Cuando hoy entro en la cocina de mis abuelos con mi imaginación, me encuentro con una chimenea oscurecida de recuerdos, sin yares, sin caldera de cobre, el hogar sin burrajos ni cenizas, sin pucheros, sin trébedes, sin morillos, con dos sillas de espadaña que se miran nostálgicas, y sin el tajo en el que yo me sentaba, porque aún sigo vivo. Cuando me muera, también aparece en la escena el tajo en el que yo me sentaba.

Cuando era chico, pues yo fui pequeño alguna vez, me iba a acostar a casa de mi abuela, porque, en mi casa, éramos muchos hermanos.

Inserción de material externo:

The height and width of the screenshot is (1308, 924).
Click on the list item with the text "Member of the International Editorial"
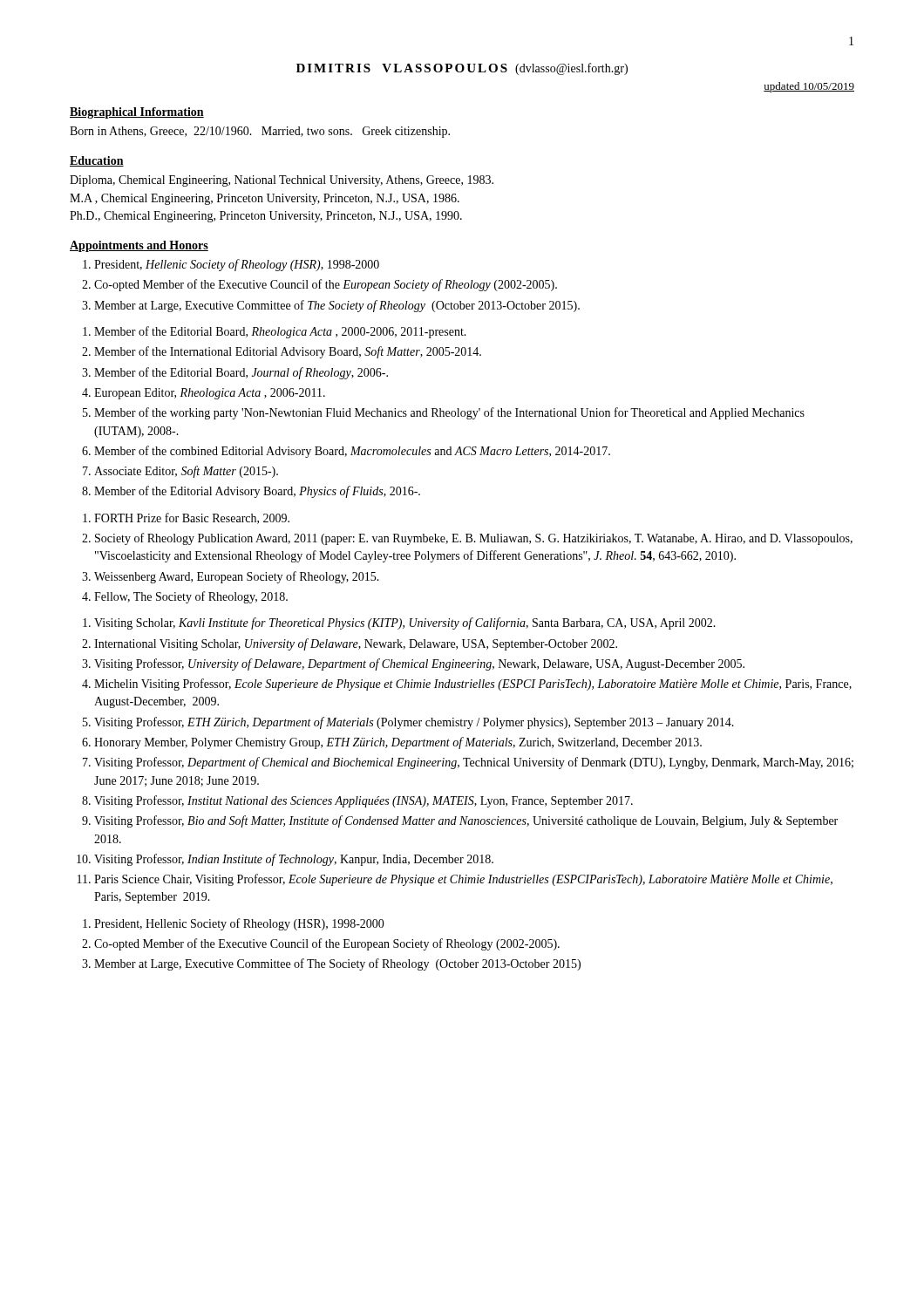coord(288,352)

Y, antes de irme a la cama, mis abuelos me contaban mil historias, mientras mi abuela escarbaba en la ceniza de la lumbre en busca del con-suelo de algún rescoldo. Mis abuelos ya habían rezado el rosario; no solían esperarme para no aburrirme con las letanías y el “ora pro nobis”. Yo llegaba jadeante, porque pasar por el encañao me daba mucho miedo: se comentaba en el pueblo, que, en su oscuridad, se guarecían los fantasmas. Me sentaba en el tajo y escuchaba. A mi abuelo, le gustaba tararear aquella canción que hablaba del desastre de Cuba. Me la cantaba también, cuando íbamos al huerto de la Huelga.

“España ya no eres tú,
lo que, en otros tiempos, eras,
perdiste la Habana entrena,
Buenos aires y el Perú,
la República del Sur,
que tú también la mandabas,
y, ahora, has venido a perder
lo poco que te quedaba.

Después, le tocaba el turno a mi abuela. Aquella noche, comentó, a mi abuelo, que había com-prado un octavo de carne de res en casa de su hermana Ramona. Yo no sabía lo que era un octavo ni una libra ni una onza… Nosotros, en la escuela, ya nos guiábamos por el sistema métrico decimal, que ya se había implantado, en España, el 19 de julio de 1849, como nos repetía don Jesús, el maestro. Y mi abuela, en su lenguaje viejo, repetía, con frecuencia: “y de eso ni una pizca”, “echa una miaja”, “eso no pesa ni un comino”, “dame un cacho, una rodaja”, y, cuando pesaba con la romana, me hablaba de media libra y tres onzas, y del octavo (la octava parte de un kilo (125 gramos).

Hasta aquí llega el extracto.